Sadece işçi ve Bağ-Kur emeklileri değil, 1 Ocak’ta 123 lira zam alan memur ile aylıklarında 140 lira artış olan memur emeklileri de iki ayda yüzde 2.41 olarak gerçekleşen enflasyon karşısında kayıp yaşamaya başladı.
Önümüzdeki dört ayda da yüksek çıkması beklenen enflasyon karşısında başta emekliler olmak üzere tüm emeği ile geçinenlerin zorlanacağı sır değil.
Enflasyon kadar artışın çözüm olmadığı ortada. Aylıklara bir önceki 6 ayda gerçekleşen enflasyon oranında zam yapmanın işçi ve Bağ-Kur emeklisine yaramadığı, yarasına merhem olamadığı, aksine kayıplar yaşattığı açıkça görüldü.
O halde çözüm ne? Çözüm hükümet ile memur sendikaları konfederasyonları arasında bağıtlan toplu iş sözleşmesi uyarınca memur ile memur emeklilerinin maaşlarına yapılan zammın, işçi ve Bağ-Kur emekli aylıklarına da yansıtılması. Ya da bu kesime seyyanen zam verilmesi.
Aslında temel sorun, özellikle 2000 yılı sonrasında emekli olanlar için yapılması gereken intibak düzenlemesinin hayata geçirilememesidir. İntibak düzenlemesi ile emekli aylıklarında önemli artışlar sağlanabilir.

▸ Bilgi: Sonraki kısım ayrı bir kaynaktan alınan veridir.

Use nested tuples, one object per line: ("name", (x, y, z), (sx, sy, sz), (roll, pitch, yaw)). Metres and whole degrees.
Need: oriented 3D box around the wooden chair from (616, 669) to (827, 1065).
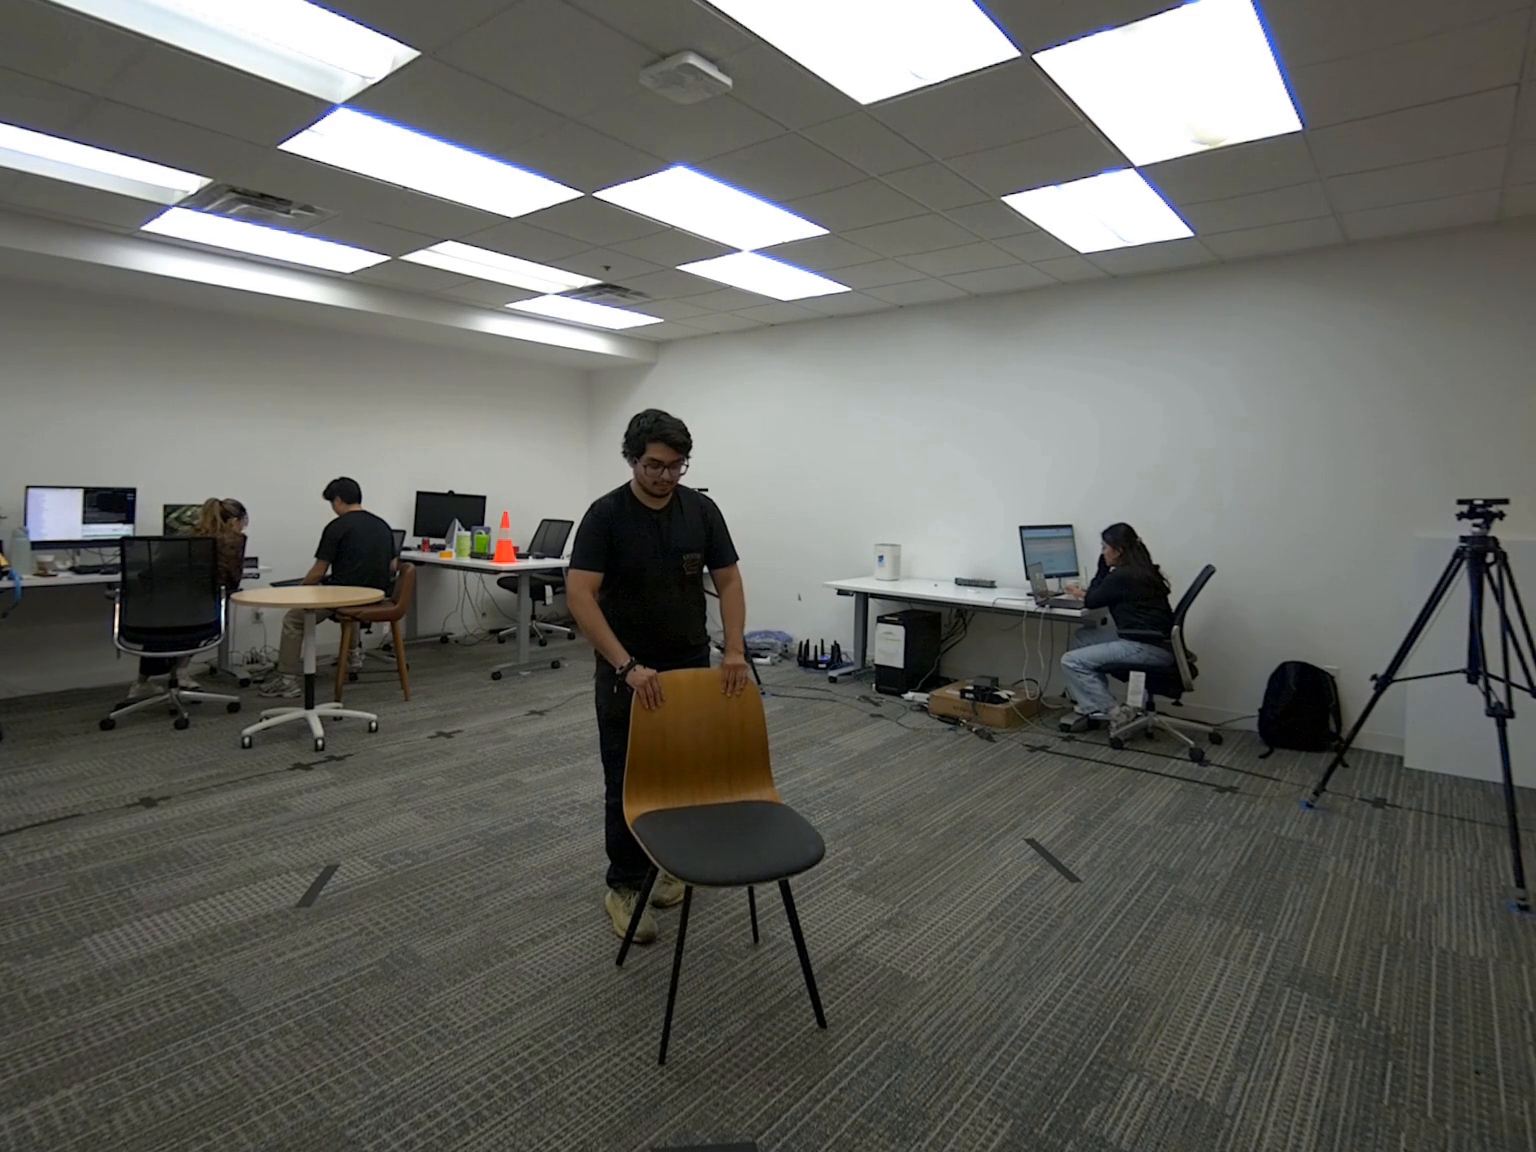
("wooden chair", (-0.134, 0.721, 2.299), (0.468, 0.878, 0.534), (1, 0, -22))
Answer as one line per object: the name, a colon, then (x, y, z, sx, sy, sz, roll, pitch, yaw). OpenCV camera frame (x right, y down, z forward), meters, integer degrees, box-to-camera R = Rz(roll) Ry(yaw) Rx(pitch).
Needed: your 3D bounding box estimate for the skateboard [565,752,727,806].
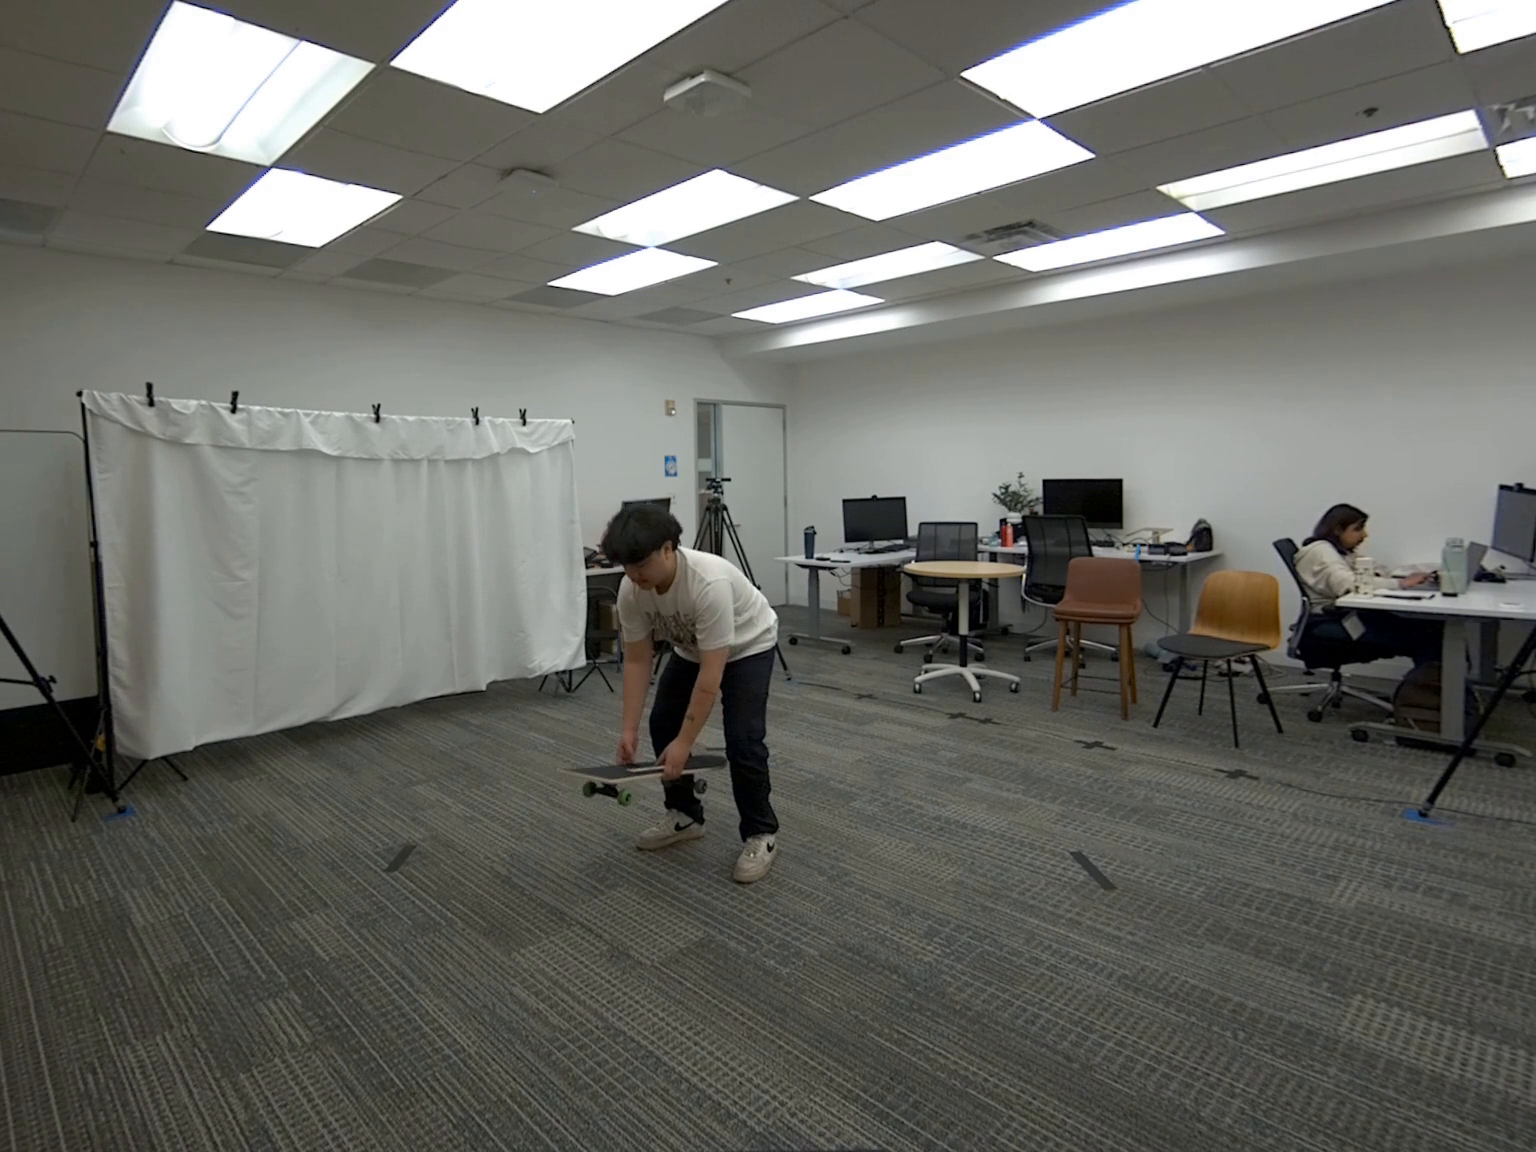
skateboard: (-0.399, 0.687, 2.893, 0.199, 0.111, 0.760, 1, -6, 34)
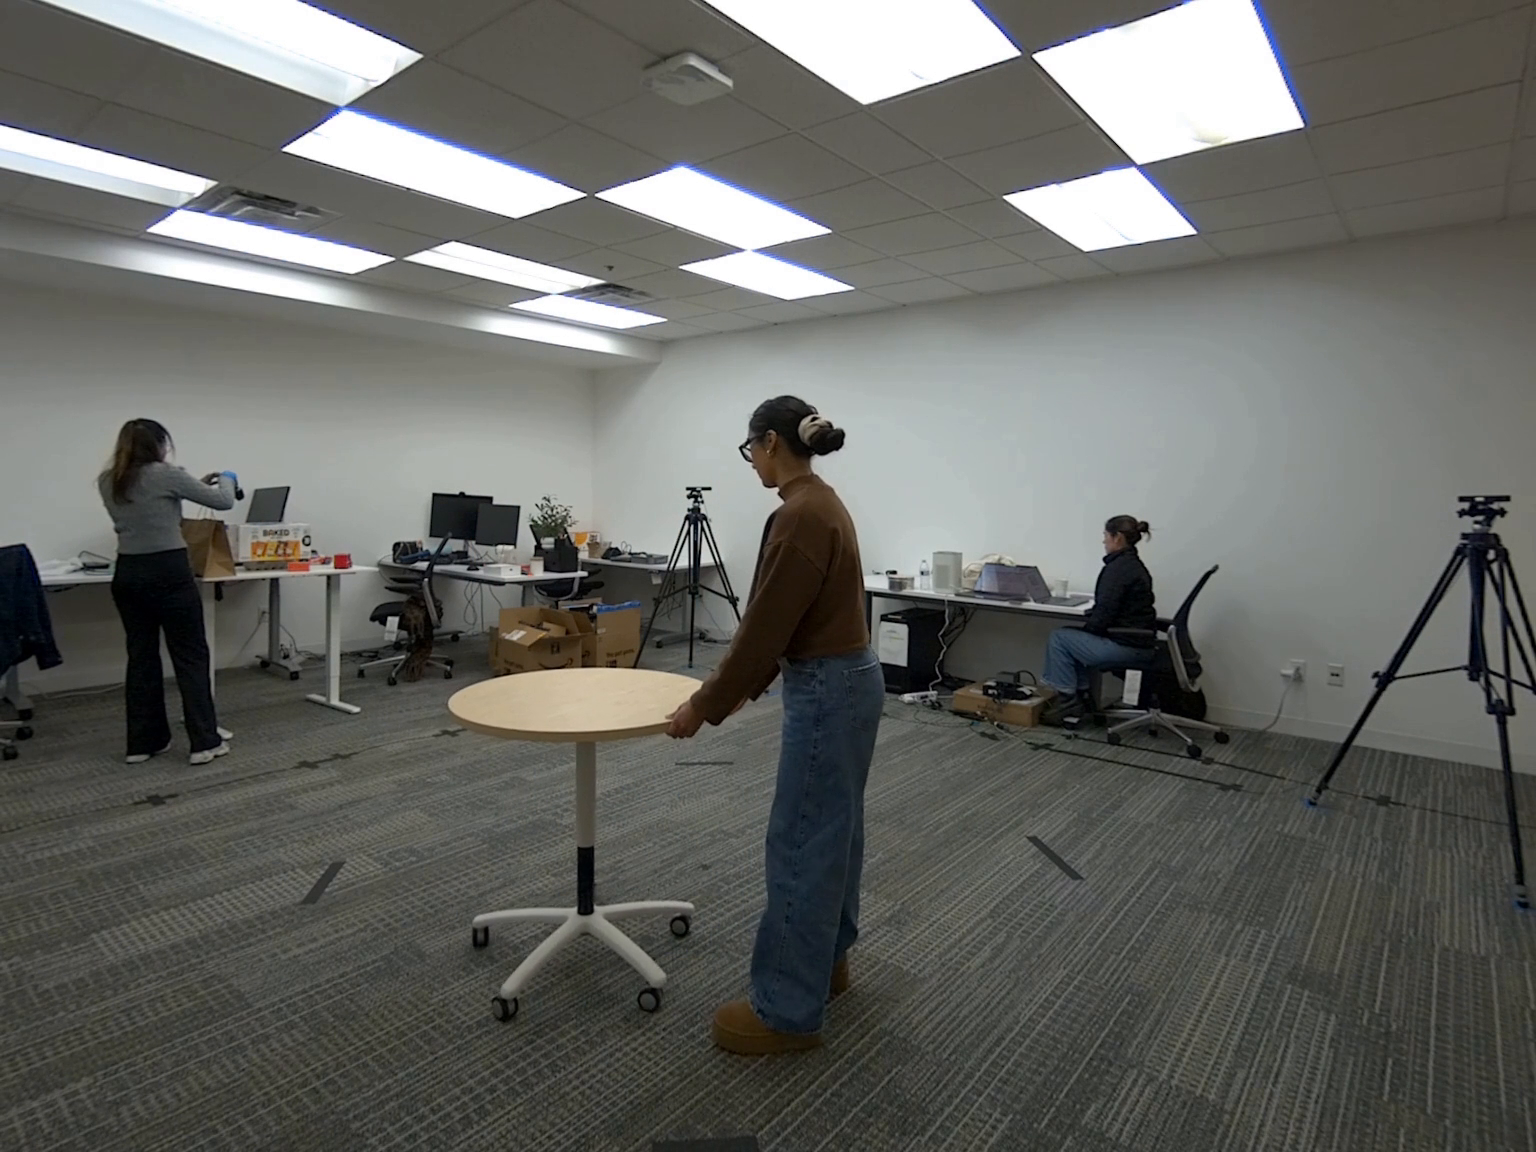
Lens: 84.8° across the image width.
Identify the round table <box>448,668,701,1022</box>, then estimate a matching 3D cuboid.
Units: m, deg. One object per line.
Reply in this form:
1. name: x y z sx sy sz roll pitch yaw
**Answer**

Nedense bu gerçekleştirilmiyor.
Hayat pahalılığı karşında aldığı düşük aylıkla Türkiye’de emekli olarak yaşamak çok zor. İşçi ve Bağ-Kur emeklileri bu zorluğu fazlasıyla yaşıyor, düşük aylıkla geçinmek için mucizeler yaratmaya çalışıyor.
Yerel seçime kilitlenen siyasi liderlerin, adayların gündeminde emekli yok gibi…
Siyasi parti liderleri, emeklinin sorununu yeteri kadar dile getirmiyor, bu kesime ilişkin bir programı, projeyi seçmenin önüne koyamıyor.
Emekli hiç de öyle yabana atılacak bit kitle değil, Bu kitleye uzak duran siyasiler emekli kesiminin aileleriyle birlikte otuz milyonu aşkın bir nüfusu oluşturduğunu unutmasın.